As expected, **Random Forests** shows **no change** in performance regardless of whether it is trained on a dataset with **scaled or unscaled features**. This model in particular, is over-fitting to the training set. So we need to do some work to remove the over-fitting. That exceeds the scope of this demonstration.

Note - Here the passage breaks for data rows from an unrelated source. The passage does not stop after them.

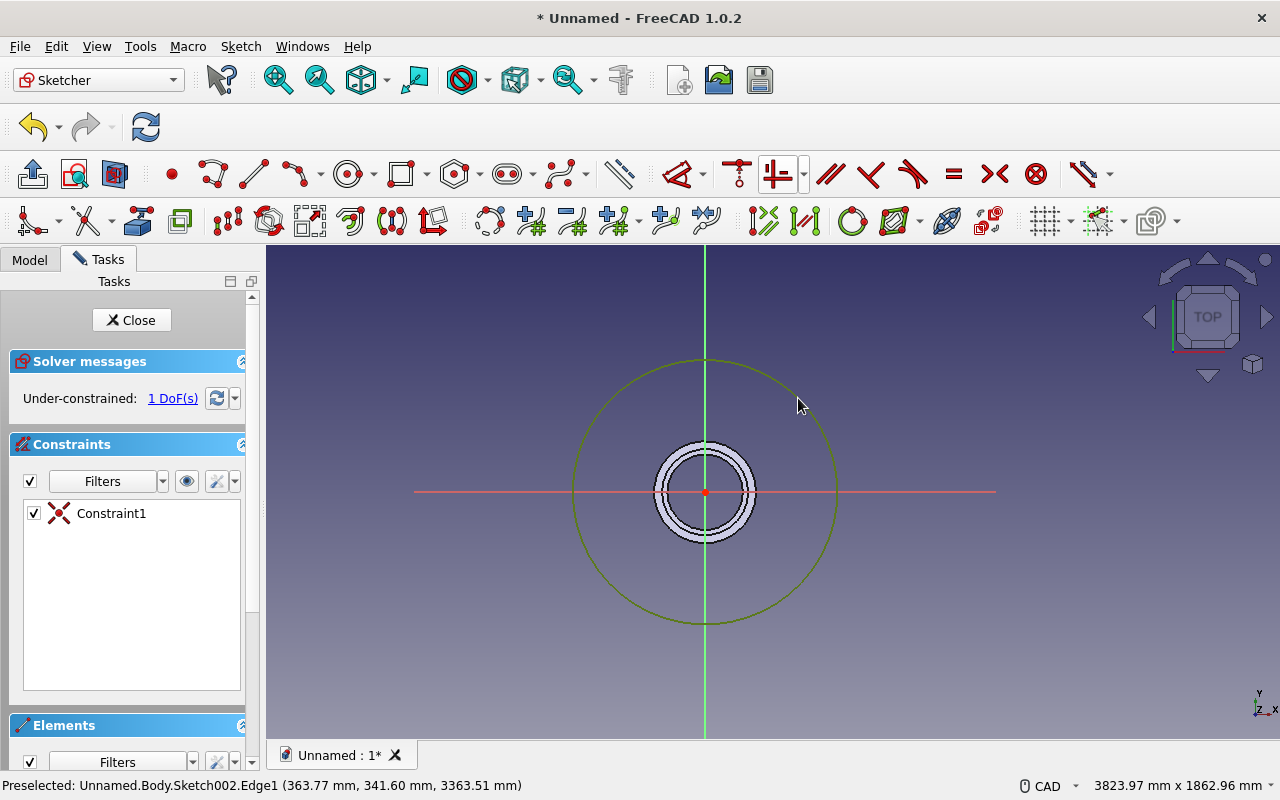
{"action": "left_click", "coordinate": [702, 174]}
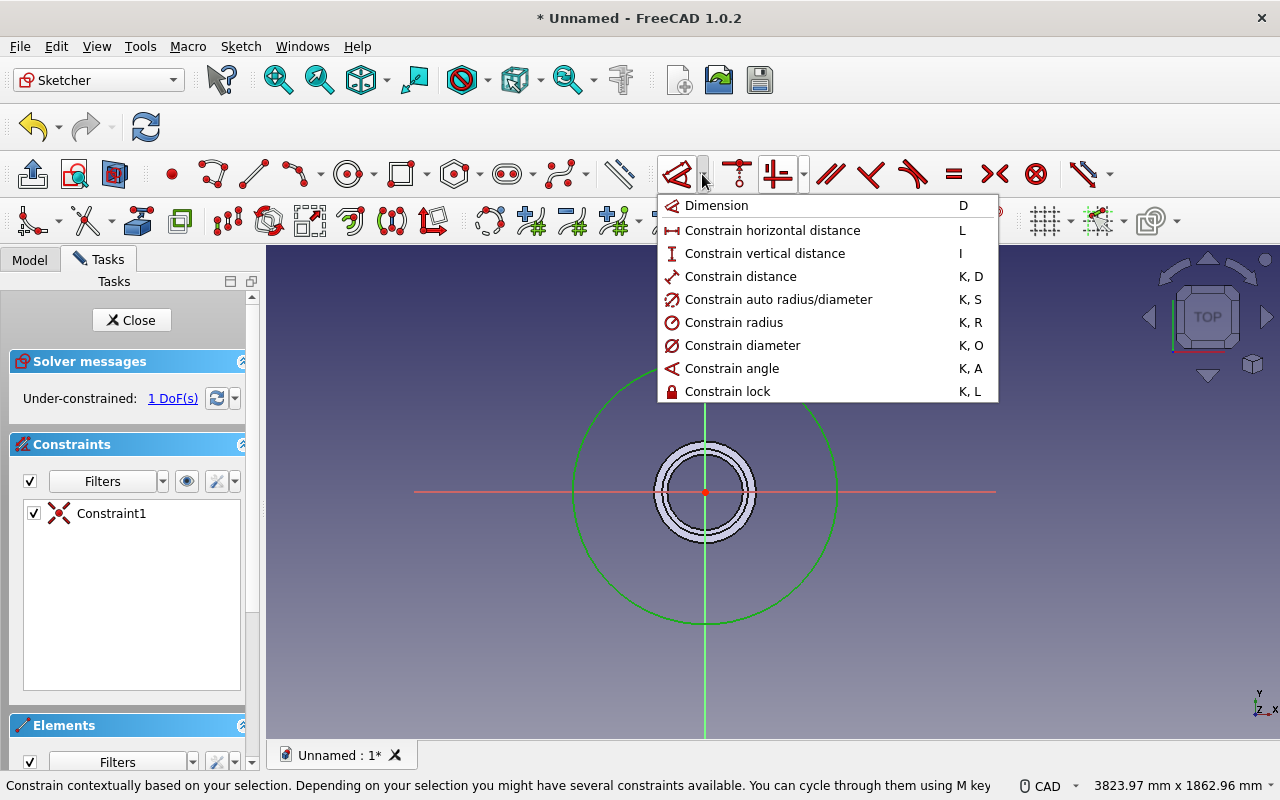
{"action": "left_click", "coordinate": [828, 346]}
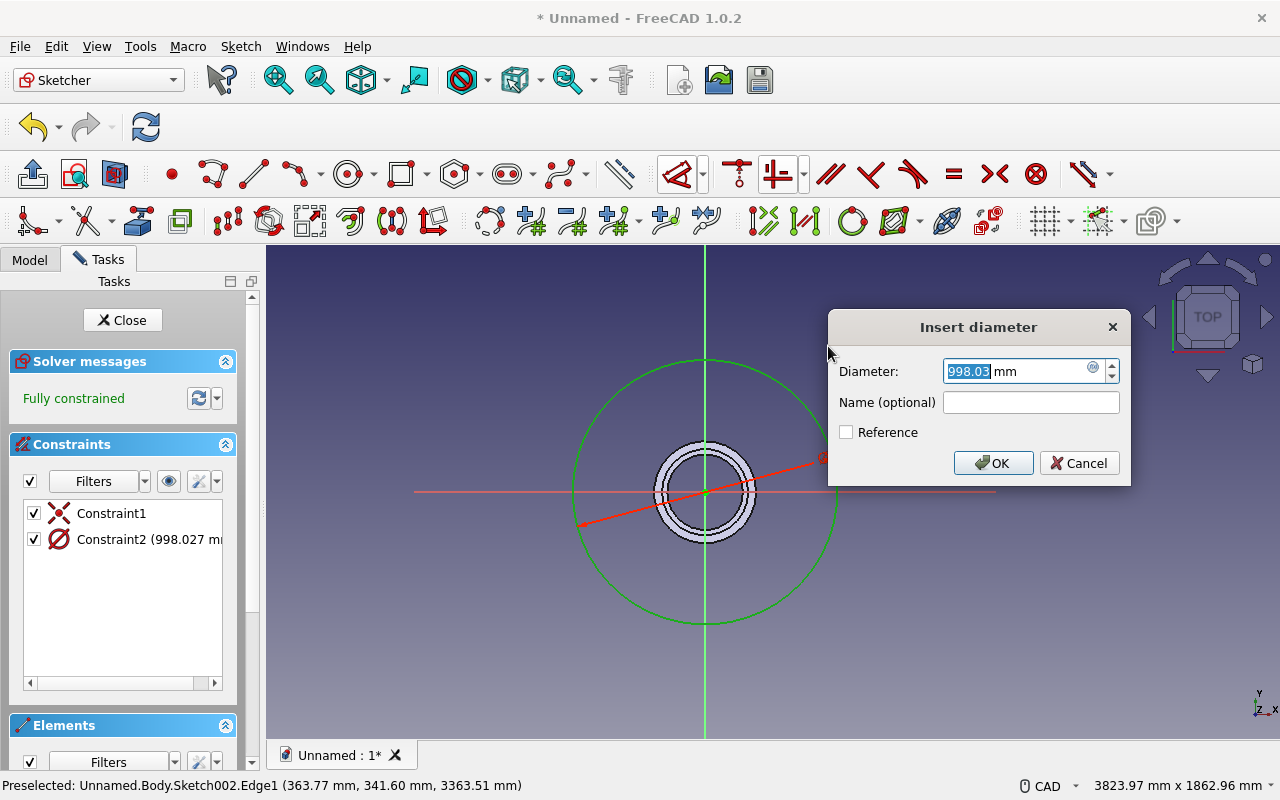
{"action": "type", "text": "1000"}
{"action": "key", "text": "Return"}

**Train adaboost on non-scaled features! Call the model!**

In [59]:
ada = AdaBoostClassifier(n_estimators=200, random_state=44)
ada.fit(X_train, y_train)  # train the model
print('Train set')  # evaluate model performance
pred = ada.predict_proba(X_train)
print('AdaBoost roc-auc: {}'.format(roc_auc_score(y_train, pred[:,1])))
print('Test set')
pred = ada.predict_proba(X_test)
print('AdaBoost roc-auc: {}'.format(roc_auc_score(y_test, pred[:,1])))

Train set
AdaBoost roc-auc: 0.7970629821021541
Test set
AdaBoost roc-auc: 0.7473867595818815


**Train adaboost on scaled features! Call the model!**

In [60]:
ada = AdaBoostClassifier(n_estimators=200, random_state=44)
ada.fit(X_train_scaled, y_train)  # train the model
print('Train set')  # evaluate model performance
pred = ada.predict_proba(X_train_scaled)
print('AdaBoost roc-auc: {}'.format(roc_auc_score(y_train, pred[:,1])))
print('Test set')
pred = ada.predict_proba(X_test_scaled)
print('AdaBoost roc-auc: {}'.format(roc_auc_score(y_test, pred[:,1])))

Train set
AdaBoost roc-auc: 0.7970629821021541
Test set
AdaBoost roc-auc: 0.7475250262706707


As expected, **AdaBoost** shows **no change** in performance regardless of whether it is trained on a dataset with **scaled or unscaled features**.